The key deliverables are the development of a circuit board featuring:

• 4 of each AC and DC voltmeters.

• A real-time clock for timestamping.
• A connection port for an LCD display (I2C)
• A thermocouple amplifier
• An RS-485 connection port for data logging/interfacing
• A light dependant resistor connection for activation via a flash of light.
• Flash memory to store data locally.

There are to be several iterations of the board, with the first being a general prototype to test the concept,
and the final design being optimised/improved to be installed in a waterproof enclosure. The main differences
between the prototype and final iteration are to be mainly related to quality of life, form, and firmware; the
key measurement functionality is needed in the prototype.

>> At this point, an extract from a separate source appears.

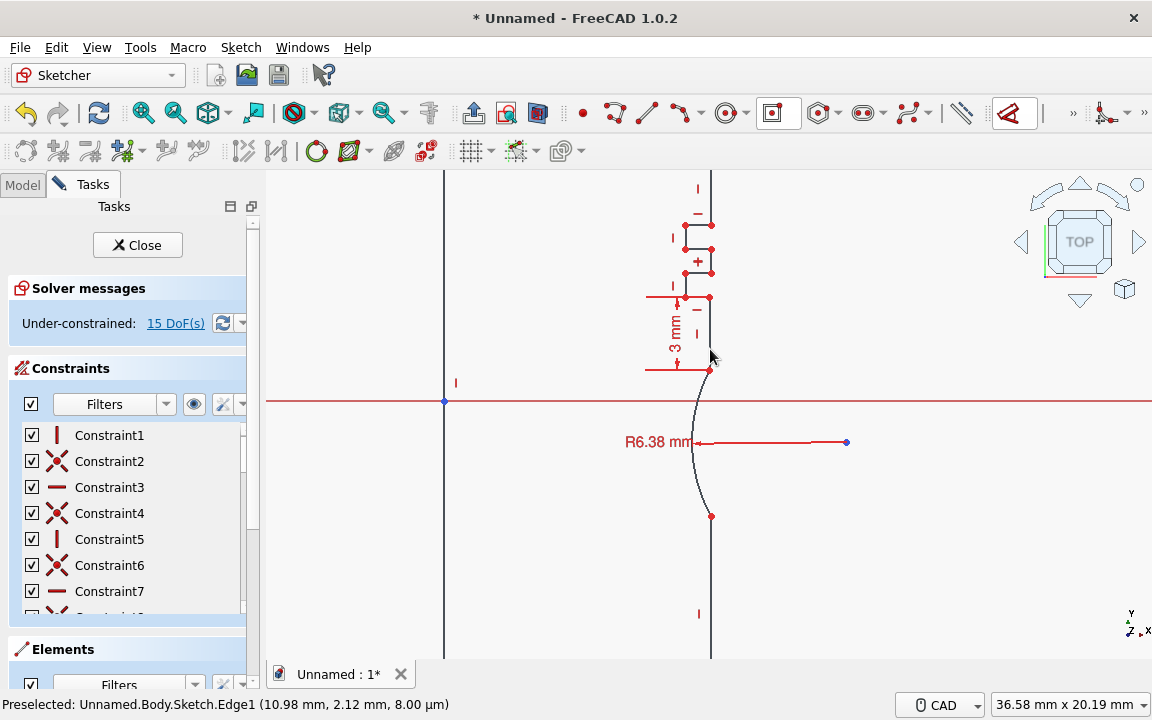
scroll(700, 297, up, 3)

Deliverable Documentation:

• Copy of firmware code/relevant documentation

• Bill of Materials
• CAD/Gerber files
• Board Schematic
• Connection pinouts
• Delivery Schedule

As the measured quantities are to be small voltages, high input impedance (>10MOhm), is needed for the
voltmeter modules. The voltmeters also need to be auto ranging, as it will not always be feasible to manually
switch ranges, and several different voltages from different orders of magnitude may be encountered. Due
to this, the maximum voltage ranges are to be 1000VDC (if practically, else 50VDC) and 1000VAC RMS. The
DC voltmeter modules need to be able to read both positive and negative voltages.

The board will feature several DC and AC measurement modules, with each pair of voltmeters sharing inputs
so both the DC and AC voltage between the inputs can be measured for each set of voltmeters.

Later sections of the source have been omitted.